Plants can reach up to 1.8m tall, which means that if your site isn’t well sheltered you may need to individually stake plants by tying them into bamboo canes wedged next to them. Another method of offering extra support is to bank up the soil against the base of each stem into which new roots can grow to anchor the plant. If any roots appear above ground you will, in any case, need to cover them over with soil or compost. Side shoots, known as tillers, may also appear near the base – leave these intact, as removing them can reduce the yield.

Harvesting

Early varieties of sweet corn will yield their first cobs in late July or early August, while the season comes to a close with late-developing types in October. An old American saying advises that you should walk to the plants to harvest your cobs and run back with them – a tradition worth adhering to, because freshness is of the essence!
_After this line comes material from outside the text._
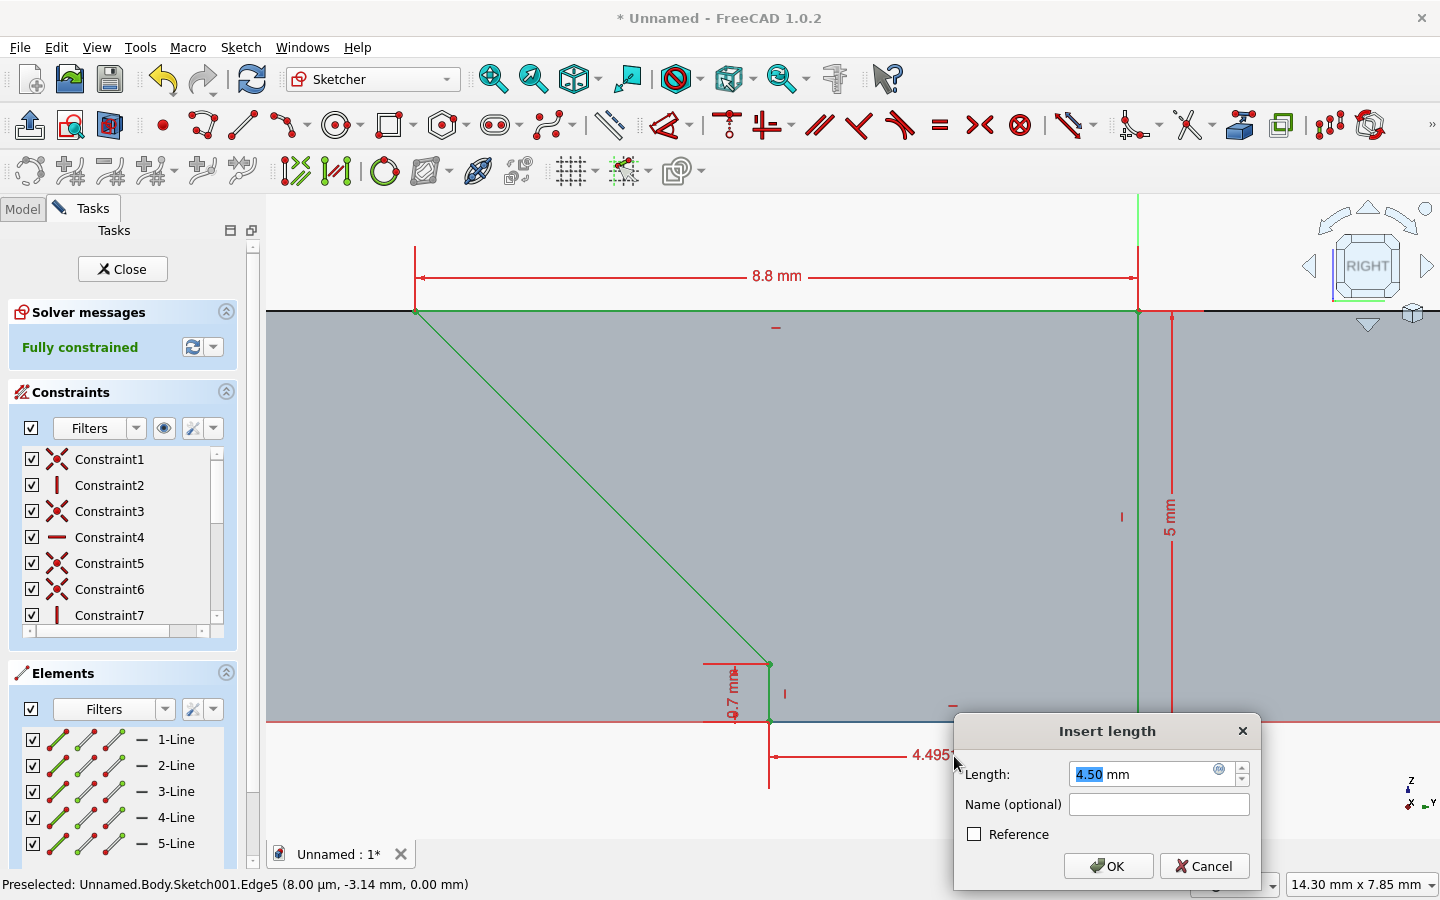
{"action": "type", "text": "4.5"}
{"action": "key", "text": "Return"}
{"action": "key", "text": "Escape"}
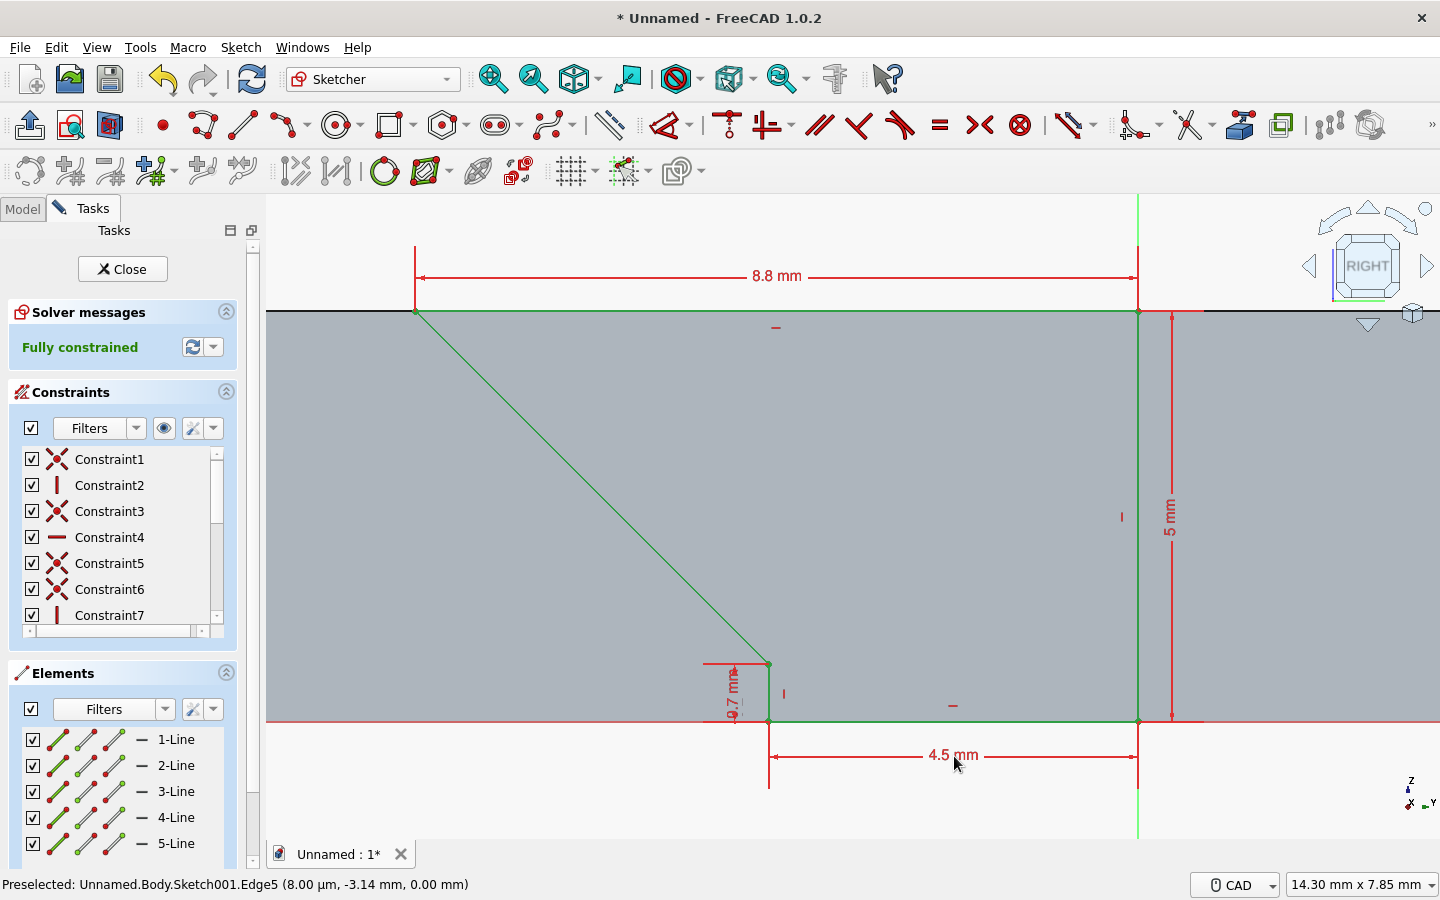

A flat sprint may be a little extreme, but it is true that the high sugar levels that have been bred into sweet corn begin converting to starch within hours of picking. That’s why the taste of freshly-plucked home-grown corn is so superior to shop-bought versions.

You will know it is almost time for picking when the silky tassels on the developing cobs turn a chocolate brown and start to wither. At this point, gently peel back the protective sheath to inspect the corn. Squeeze a kernel with your thumb nail. If a clear liquid oozes out then wait a little while longer, but if a creamy elixir appears then it’s time to pick your crop. If there’s no liquid you have waited too long. Harvest the cobs by twisting them sharply away from the plant, or use a pair of secateurs to cut them free. In a good summer you may get two per plant but don’t be disappointed if you only achieve one.